US 11,671,561 B1
Video conference background cleanup using reference image
Shihwei Chang, Sammamish, WA (US); Robert Aaron Klegon, Chicago, IL (US); Cynthia Eshiuan Lee, Austin, TX (US); Nicholas Mueller, Fitchburg, WI (US); and Shane Paul Springer, Manchester, MI (US)
Assigned to Zoom Video Communications, Inc., San Jose, CA (US)
Filed by Zoom Video Communications, Inc., San Jose, CA (US)
Filed on Jul. 29, 2022, as Appl. No. 17/877,789.
Int. Cl. H04N 7/14 (2006.01); G06T 7/194 (2017.01); G06V 40/16 (2022.01)

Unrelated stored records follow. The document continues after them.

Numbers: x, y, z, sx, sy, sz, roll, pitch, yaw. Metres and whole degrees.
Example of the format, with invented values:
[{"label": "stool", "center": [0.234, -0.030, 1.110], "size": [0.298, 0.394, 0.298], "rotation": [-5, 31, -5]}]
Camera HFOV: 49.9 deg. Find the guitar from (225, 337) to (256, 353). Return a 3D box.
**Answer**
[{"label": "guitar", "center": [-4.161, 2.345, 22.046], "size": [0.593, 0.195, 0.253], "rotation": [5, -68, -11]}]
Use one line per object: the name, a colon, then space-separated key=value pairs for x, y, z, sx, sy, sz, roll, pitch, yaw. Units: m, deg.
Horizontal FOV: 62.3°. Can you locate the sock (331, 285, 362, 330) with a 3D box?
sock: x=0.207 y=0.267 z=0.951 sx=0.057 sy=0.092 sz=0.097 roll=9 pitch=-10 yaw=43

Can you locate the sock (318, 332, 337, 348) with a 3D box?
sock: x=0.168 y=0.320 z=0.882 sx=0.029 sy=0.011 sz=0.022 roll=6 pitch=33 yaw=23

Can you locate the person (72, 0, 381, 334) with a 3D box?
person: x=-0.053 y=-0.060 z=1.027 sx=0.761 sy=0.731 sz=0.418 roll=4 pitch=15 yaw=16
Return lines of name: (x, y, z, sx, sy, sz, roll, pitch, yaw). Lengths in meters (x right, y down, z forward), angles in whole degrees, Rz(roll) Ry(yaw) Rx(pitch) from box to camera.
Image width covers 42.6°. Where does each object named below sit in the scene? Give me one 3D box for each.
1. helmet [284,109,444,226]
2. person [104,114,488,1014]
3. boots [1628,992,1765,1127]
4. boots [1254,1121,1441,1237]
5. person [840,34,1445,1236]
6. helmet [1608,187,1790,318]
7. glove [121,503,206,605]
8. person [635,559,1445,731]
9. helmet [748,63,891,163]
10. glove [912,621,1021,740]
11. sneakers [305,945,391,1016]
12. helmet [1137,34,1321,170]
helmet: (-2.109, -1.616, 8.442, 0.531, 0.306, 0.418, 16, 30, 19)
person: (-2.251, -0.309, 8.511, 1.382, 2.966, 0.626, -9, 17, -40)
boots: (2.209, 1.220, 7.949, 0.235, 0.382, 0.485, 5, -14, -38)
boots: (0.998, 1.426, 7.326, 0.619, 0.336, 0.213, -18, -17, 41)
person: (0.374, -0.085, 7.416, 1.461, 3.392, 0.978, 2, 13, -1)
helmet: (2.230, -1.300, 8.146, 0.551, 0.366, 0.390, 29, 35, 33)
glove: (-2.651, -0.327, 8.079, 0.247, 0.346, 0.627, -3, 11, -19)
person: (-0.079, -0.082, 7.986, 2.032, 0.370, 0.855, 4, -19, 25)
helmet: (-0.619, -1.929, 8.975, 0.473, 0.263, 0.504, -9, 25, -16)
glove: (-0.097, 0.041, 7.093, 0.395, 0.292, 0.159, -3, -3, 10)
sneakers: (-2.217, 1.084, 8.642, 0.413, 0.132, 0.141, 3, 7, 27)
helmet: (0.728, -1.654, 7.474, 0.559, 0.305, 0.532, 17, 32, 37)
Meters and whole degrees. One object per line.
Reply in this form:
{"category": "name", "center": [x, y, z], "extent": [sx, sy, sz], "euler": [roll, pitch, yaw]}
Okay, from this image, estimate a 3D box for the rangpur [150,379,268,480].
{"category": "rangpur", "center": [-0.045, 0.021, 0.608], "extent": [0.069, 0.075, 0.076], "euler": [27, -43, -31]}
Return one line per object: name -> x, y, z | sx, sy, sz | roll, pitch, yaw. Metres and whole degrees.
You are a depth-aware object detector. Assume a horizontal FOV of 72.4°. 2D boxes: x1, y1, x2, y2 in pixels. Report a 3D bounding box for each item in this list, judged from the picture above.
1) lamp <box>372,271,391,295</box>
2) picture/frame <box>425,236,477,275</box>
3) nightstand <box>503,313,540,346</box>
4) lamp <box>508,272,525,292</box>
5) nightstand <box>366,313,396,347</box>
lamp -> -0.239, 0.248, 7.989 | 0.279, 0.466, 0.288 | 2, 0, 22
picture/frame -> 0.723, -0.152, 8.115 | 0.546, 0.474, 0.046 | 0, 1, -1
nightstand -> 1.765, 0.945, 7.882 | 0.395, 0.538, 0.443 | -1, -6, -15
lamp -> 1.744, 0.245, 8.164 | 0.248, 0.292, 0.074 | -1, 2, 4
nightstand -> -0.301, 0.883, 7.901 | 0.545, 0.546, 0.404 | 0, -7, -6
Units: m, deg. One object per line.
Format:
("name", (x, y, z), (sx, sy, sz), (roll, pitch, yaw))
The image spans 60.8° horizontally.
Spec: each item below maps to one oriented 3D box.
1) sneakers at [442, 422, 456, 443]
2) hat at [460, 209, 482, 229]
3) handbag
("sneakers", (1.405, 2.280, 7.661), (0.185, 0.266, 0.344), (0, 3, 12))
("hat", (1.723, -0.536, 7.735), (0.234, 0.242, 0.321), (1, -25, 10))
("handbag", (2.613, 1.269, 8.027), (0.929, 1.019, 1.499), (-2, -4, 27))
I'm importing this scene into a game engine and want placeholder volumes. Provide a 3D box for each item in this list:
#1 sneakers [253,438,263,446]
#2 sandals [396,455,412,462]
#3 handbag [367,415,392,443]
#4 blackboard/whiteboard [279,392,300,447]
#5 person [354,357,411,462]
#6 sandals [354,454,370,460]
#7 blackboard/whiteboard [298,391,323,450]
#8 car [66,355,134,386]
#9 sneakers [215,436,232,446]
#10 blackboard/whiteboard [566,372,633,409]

CPC H04N 7/147 (2013.01) [G06T 7/194 (2017.01); G06V 40/161 (2022.01); G06T 2207/10016 (2013.01); G06T 2207/30196 (2013.01)] 20 Claims
OG exemplary drawing
 
1. A method, comprising:
storing a reference image representing a physical background within a field of view of a camera of a client device;
receiving, via the camera and during a video conference to which the client device is connected, camera-generated visual data for output to at least one remote device connected to the video conference;
identifying, based on facial recognition applied to the camera-generated visual data, foreground imagery representing at least one person and background imagery representing content of the camera-generated visual data other than the foreground imagery;
identifying a difference between the background imagery and the reference image by identifying an item in the background imagery and determining that the item is not present at a co-located part of the reference image, the co-located part of the reference image being identified based on non-movable fixtures depicted in the background imagery and the reference image;
generating a composite image by replacing, within the background imagery of the camera-generated visual data, an item represented within the background imagery and within the identified difference with a co-located part of the reference image; and
transmitting the composite image to the at least one remote device during the video conference.
 
10. A non-transitory computer readable medium storing instructions operable to cause one or more processors to perform operations comprising:
storing a reference image representing a physical background within a field of view of a camera of a client device;
receiving, via the camera and during a video conference to which the client device is connected, camera-generated visual data for output to at least one remote device connected to the video conference;
identifying, based on facial recognition applied to the camera-generated visual data, foreground imagery representing at least one person and background imagery representing content of the camera-generated visual data other than the foreground imagery;
identifying a difference between the background imagery and the reference image by identifying an item in the background imagery and determining that the item is not present at a co-located part of the reference image, the co-located part of the reference image being identified based on non-movable fixtures depicted in the background imagery and the reference image;
generating a composite image by replacing, within the background imagery of the camera-generated visual data, an item represented within the background imagery and within the identified difference with a co-located part of the reference image; and
transmitting the composite image to the at least one remote device during the video conference.
 
19. An apparatus, comprising:
a memory; and
a processor configured to execute instructions stored in the memory to:
store a reference image representing a physical background within a field of view of a camera of a client device;
receive, via the camera and during a video conference to which the client device is connected, camera-generated visual data for output to at least one remote device connected to the video conference;
identify, based on facial recognition applied to the camera-generated visual data, foreground imagery representing at least one person and background imagery representing content of the camera-generated visual data other than the foreground imagery;
identify a difference between the background imagery and the reference image by identifying an item in the background imagery and determining that the item is not present at a co-located part of the reference image, the co-located part of the reference image being identified based on non-movable fixtures depicted in the background imagery and the reference image;
generate a composite image by replacing, within the background imagery of the camera-generated visual data, an item represented within the background imagery and within the identified difference with a co-located part of the reference image; and
transmit the composite image to the at least one remote device during the video conference.